* HOW TO COMPLETE THIS TASK *
Would you restate each line of the data below word for word, without its pictures?

* RECORDS FOR THIS EXERCISE *
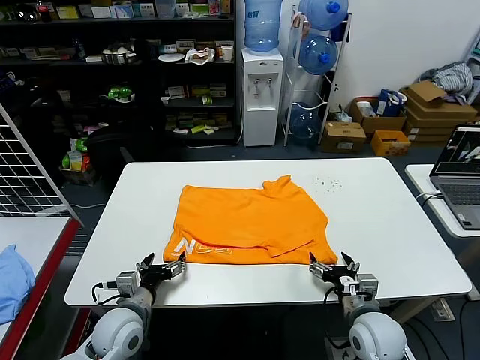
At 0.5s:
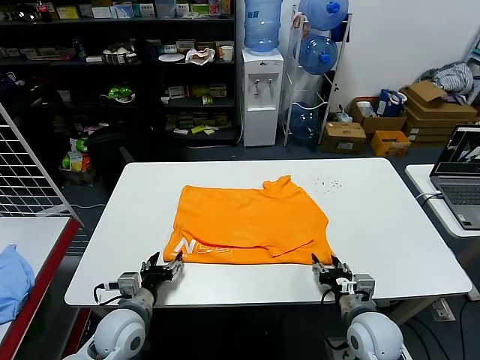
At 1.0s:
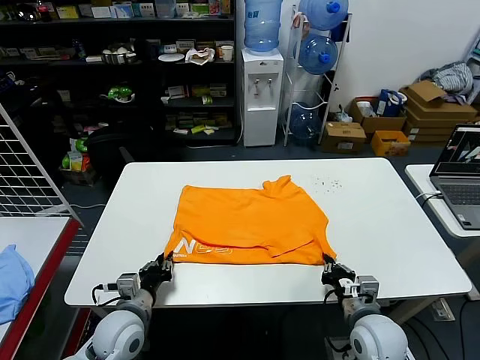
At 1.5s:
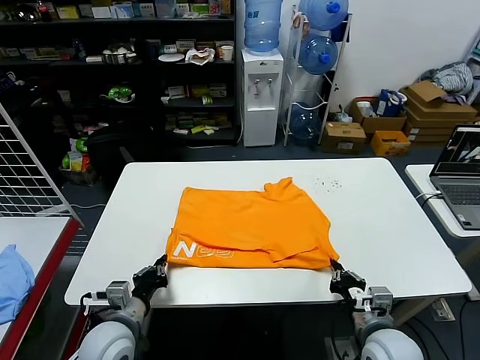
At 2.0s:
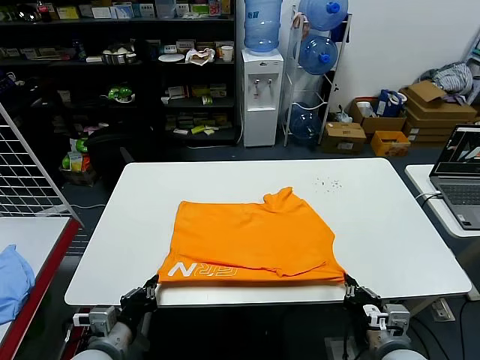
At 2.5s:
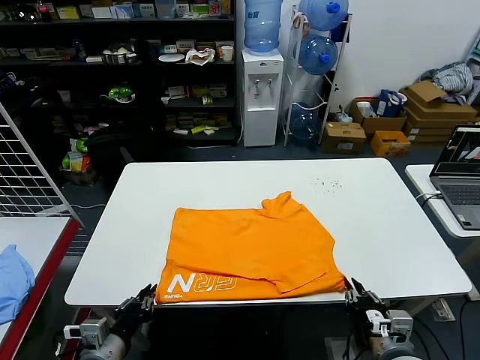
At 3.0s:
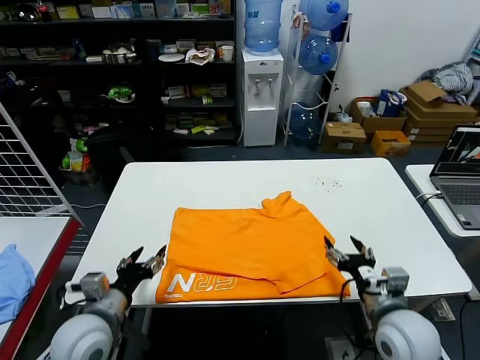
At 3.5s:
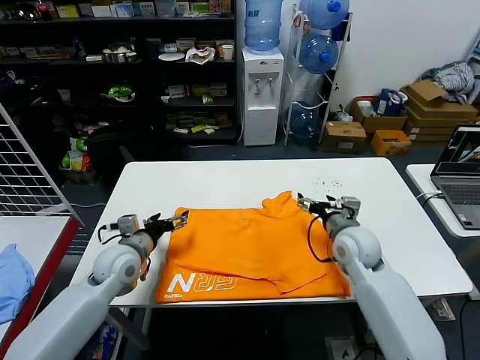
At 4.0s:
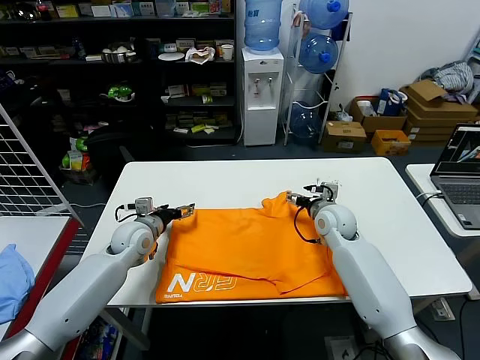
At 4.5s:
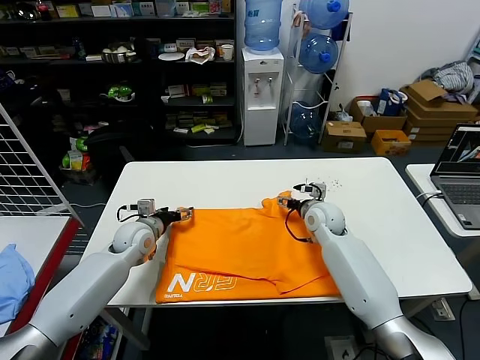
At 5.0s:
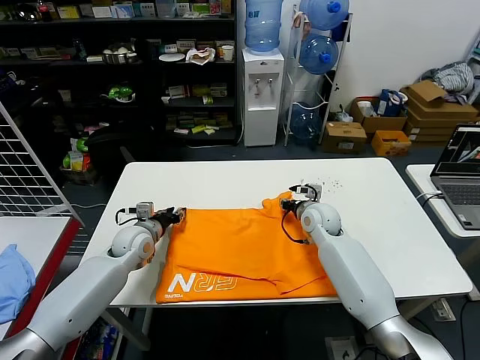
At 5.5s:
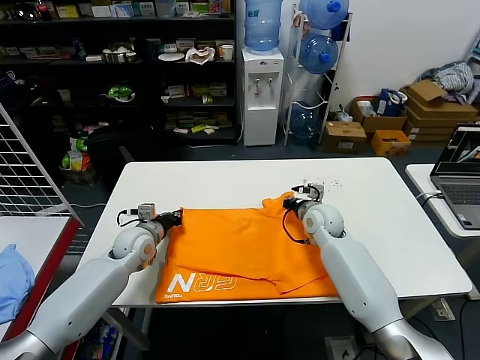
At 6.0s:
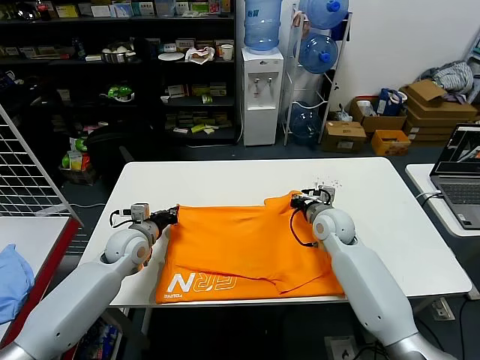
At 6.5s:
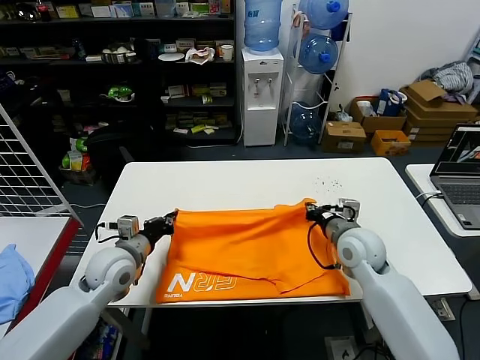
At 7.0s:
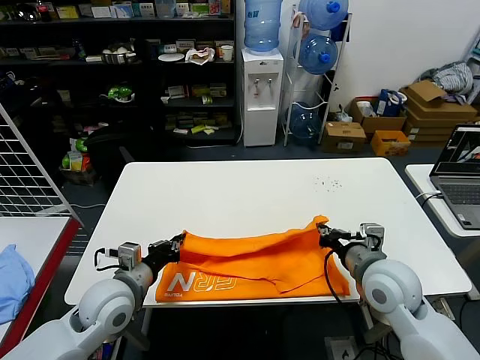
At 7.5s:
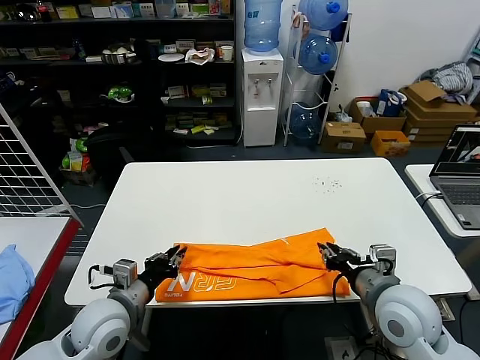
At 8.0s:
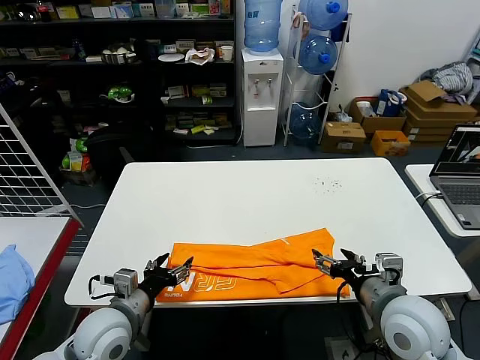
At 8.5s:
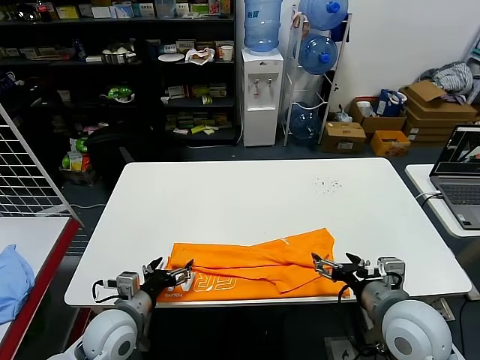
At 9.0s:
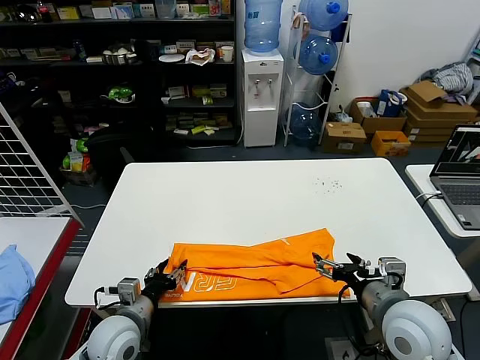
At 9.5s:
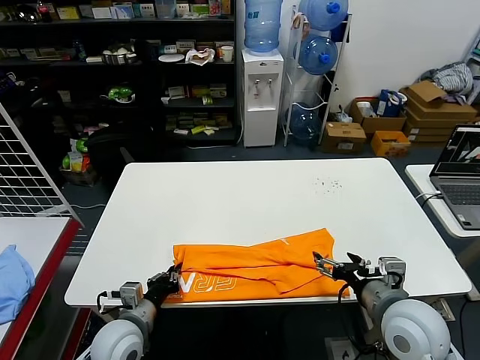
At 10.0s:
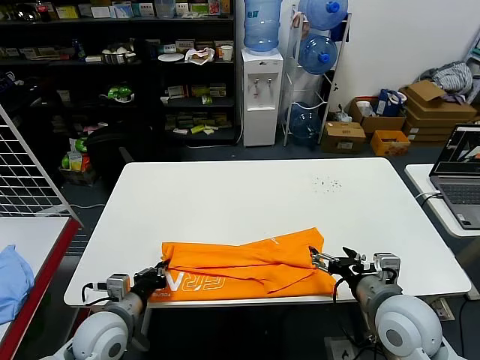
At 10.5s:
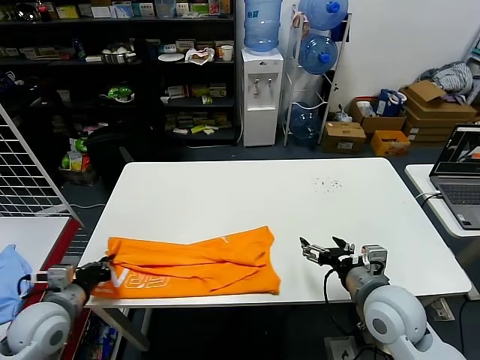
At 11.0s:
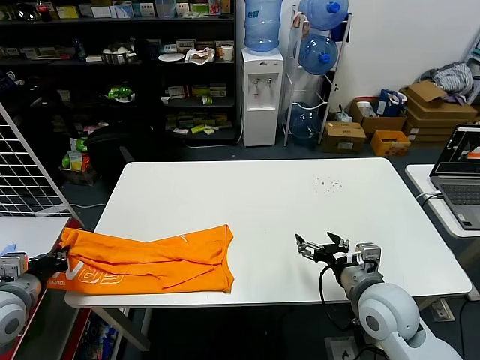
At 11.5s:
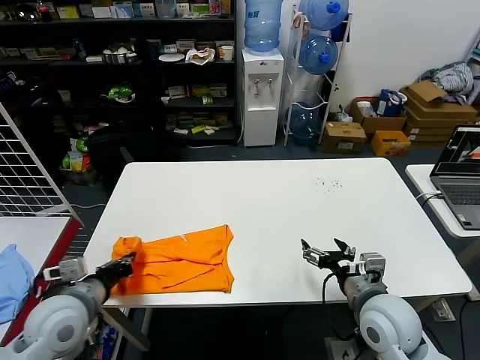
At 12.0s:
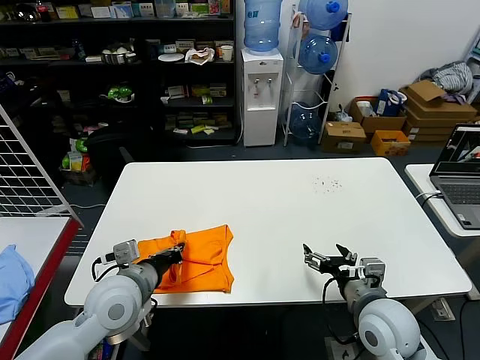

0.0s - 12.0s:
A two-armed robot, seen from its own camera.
Task of the whole recording: fold and organize the clothes.
Step, 0.0s - 2.5s: Drag the clothes downward with both gripper.
Step, 3.0s - 5.0s: use both grippers simultaneously to clamp the upper edge of the clothing fabric.
Step, 5.5s - 7.5s: use both grippers to drag the upper edge of the fabric backward and fold it over the lower edge.
Step, 8.0s - 9.5s: use the left gripper to clamp the left edge of the fabric.
0.0s - 2.0s: The grippers both shift backward by some 10 cm. The left gripper closes its fingers; the right gripper closes its fingers.
2.0s - 4.0s: Both grippers move forward, roughly 30 cm. The right gripper opens its fingers; the left gripper opens.
4.0s - 6.0s: The right gripper closes its fingers, while the left gripper closes up.
6.0s - 8.0s: The grippers both shift backward by roughly 20 cm. The right gripper opens, while the left gripper opens up.
8.0s - 10.0s: The left gripper closes.
10.0s - 12.0s: The left gripper travels upward by roughly 10 cm, and reaches approximately 20 cm to the left, then returns.

* PROBLEM SOLUTION *
At 0.5s:
At 1.0s:
At 1.5s:
At 2.0s:
At 2.5s:
At 3.0s:
At 3.5s:
At 4.0s:
At 4.5s:
At 5.0s:
At 5.5s:
At 6.0s:
At 6.5s:
At 7.0s:
At 7.5s:
At 8.0s:
At 8.5s:
At 9.0s:
At 9.5s:
At 10.0s:
At 10.5s:
At 11.0s:
At 11.5s:
At 12.0s:

0.0s - 12.0s:
A two-armed robot, seen from its own camera.
Task of the whole recording: fold and organize the clothes.
Step, 0.0s - 2.5s: Drag the clothes downward with both gripper.
Step, 3.0s - 5.0s: use both grippers simultaneously to clamp the upper edge of the clothing fabric.
Step, 5.5s - 7.5s: use both grippers to drag the upper edge of the fabric backward and fold it over the lower edge.
Step, 8.0s - 9.5s: use the left gripper to clamp the left edge of the fabric.
0.0s - 2.0s: The grippers both shift backward by some 10 cm. The left gripper closes its fingers; the right gripper closes its fingers.
2.0s - 4.0s: Both grippers move forward, roughly 30 cm. The right gripper opens its fingers; the left gripper opens.
4.0s - 6.0s: The right gripper closes its fingers, while the left gripper closes up.
6.0s - 8.0s: The grippers both shift backward by roughly 20 cm. The right gripper opens, while the left gripper opens up.
8.0s - 10.0s: The left gripper closes.
10.0s - 12.0s: The left gripper travels upward by roughly 10 cm, and reaches approximately 20 cm to the left, then returns.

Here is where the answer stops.